Ionization Energy

Definition of IE: the minimum amount of energy required to remove an electron form an atom (in kJ/mol) in its gaseous state.

Ex. X (g) → X⁺  (g) +   1e^–     IE₁

Ex. X⁺  (g) → X⁺² (g)  + 1e^–     IE₂

Ex. X⁺²  (g) → X⁺³ (g)  + 1e^–     IE₃

Sample Ionization Energies Table

General Pattern in the Table: for each electron lost, the subsequent IE ↑

Thus IE₁ < IE₂ < IE₃

Alkali Metal (Group I) Comparison: Li, Na, and K all want to lose 1 electron, so the 1^st IE values are not too high, but increase dramatically when any further electrons are to be removed (2^nd IE, 3^rd IE).

Within the group, an ↑ n value will have a ↓IE comparatively because Z_eff is ↓.

Alkali Metals (Group I) vs Alkaline Earth (Group II) Metals: 1st IE for both groups is comparable; however, the 2^nd IE increase is much greater for Group I than Group II because Alkali metals only want to lose 1 electron and will resist any further loses by having ↑IE. Alkaline earth metals want to lose 2 electrons, so they do not resist the second electron loss, hence the lower 2^nd IE value compared to that of alkali metals.

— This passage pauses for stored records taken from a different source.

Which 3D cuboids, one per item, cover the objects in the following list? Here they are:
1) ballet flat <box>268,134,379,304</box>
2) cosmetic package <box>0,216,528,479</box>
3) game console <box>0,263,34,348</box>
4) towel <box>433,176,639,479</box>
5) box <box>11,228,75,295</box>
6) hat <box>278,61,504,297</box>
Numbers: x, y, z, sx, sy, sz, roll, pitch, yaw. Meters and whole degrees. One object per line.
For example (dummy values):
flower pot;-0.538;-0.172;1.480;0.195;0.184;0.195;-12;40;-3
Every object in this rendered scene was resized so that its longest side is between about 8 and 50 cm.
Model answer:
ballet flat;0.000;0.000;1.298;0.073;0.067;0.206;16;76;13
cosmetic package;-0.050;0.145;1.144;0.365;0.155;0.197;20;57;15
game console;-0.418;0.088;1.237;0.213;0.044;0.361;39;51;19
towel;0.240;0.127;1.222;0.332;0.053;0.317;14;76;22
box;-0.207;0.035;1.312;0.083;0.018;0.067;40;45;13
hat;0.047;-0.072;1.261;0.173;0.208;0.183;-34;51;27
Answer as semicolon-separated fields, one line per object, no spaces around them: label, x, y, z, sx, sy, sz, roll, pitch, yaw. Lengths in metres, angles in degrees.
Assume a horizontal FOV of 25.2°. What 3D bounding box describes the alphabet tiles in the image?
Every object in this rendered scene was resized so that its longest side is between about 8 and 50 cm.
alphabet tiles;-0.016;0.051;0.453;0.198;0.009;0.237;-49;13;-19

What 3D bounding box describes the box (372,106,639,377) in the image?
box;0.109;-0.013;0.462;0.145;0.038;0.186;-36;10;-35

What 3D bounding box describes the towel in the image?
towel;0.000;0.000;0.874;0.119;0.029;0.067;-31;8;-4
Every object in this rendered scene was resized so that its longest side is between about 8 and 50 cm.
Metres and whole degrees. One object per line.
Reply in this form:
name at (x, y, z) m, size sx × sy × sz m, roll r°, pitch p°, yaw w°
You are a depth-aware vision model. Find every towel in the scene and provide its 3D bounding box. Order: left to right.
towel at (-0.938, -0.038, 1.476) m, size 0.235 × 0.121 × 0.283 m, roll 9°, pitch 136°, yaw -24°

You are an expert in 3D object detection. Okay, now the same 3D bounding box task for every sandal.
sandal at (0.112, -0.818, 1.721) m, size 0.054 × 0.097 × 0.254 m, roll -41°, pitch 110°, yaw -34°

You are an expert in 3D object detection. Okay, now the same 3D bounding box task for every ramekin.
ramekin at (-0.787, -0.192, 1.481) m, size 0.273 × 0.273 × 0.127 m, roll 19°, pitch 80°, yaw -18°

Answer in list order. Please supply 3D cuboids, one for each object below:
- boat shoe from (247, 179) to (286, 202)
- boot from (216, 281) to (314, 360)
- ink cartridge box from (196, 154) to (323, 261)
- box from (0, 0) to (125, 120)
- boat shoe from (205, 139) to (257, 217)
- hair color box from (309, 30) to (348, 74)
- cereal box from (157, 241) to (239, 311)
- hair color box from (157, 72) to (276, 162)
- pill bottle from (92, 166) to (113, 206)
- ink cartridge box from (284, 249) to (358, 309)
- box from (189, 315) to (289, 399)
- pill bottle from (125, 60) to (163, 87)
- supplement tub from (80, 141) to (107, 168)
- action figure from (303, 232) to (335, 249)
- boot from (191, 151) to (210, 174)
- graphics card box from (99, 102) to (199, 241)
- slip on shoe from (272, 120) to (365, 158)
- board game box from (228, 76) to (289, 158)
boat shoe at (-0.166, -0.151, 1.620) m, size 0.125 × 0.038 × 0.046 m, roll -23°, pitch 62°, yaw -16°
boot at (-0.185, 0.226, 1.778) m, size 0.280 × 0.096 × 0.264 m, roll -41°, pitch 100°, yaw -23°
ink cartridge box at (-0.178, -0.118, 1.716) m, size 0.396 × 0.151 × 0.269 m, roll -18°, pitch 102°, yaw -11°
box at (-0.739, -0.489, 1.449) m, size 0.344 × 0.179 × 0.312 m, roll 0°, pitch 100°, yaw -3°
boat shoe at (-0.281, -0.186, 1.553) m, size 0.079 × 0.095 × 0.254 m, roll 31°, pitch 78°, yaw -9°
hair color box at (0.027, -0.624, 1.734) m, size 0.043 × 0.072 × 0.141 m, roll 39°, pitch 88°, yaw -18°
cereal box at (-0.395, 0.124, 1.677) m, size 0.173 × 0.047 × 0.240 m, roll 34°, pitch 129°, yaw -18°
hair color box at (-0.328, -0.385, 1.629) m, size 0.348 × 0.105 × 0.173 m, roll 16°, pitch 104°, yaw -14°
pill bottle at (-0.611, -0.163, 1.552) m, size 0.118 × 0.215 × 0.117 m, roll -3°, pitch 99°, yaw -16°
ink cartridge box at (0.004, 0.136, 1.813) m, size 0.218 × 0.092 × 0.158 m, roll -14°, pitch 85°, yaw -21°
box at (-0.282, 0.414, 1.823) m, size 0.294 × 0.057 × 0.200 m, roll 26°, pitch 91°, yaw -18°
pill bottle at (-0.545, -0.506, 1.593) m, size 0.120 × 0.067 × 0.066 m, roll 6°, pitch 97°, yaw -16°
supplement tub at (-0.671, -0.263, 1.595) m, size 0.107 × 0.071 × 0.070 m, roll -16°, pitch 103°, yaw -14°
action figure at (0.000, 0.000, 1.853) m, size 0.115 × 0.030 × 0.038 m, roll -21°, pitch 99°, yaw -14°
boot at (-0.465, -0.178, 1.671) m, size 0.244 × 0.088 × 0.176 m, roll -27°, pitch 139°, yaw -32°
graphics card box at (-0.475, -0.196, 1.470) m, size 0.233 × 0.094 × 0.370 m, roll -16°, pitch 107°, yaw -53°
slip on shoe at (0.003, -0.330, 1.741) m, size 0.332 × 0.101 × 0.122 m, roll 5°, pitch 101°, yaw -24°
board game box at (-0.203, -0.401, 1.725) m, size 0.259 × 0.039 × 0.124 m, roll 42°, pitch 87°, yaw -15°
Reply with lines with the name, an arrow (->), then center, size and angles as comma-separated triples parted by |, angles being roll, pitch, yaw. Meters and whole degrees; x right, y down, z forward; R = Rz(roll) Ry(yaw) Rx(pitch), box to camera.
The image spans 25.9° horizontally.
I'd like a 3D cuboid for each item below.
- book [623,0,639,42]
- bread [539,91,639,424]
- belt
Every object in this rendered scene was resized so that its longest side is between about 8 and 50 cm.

Trend: As you proceed from:

LEFT → RIGHT   IE ↑

BOTTOM → TOP  IE ↑

Why?

Right-most elements are nonmetals and tend to gain electrons so they’re not too keen on losing electrons and will resist the removal of any electrons. Therefore, in order to remove an electron from such an atom, a lot of energy must be expended, hence a lot of ionization energy.

For metals, on the left-most section, who want to lose electrons, not as much energy is required, as they are willing to give up electrons readily, so they have ↓ IE values.

Top-most elements are closer to nucleus ( ↓ n value) and have ↑ Z_eff values (electrons held tightly by the nucleus and difficult to remove) and ↑ IE.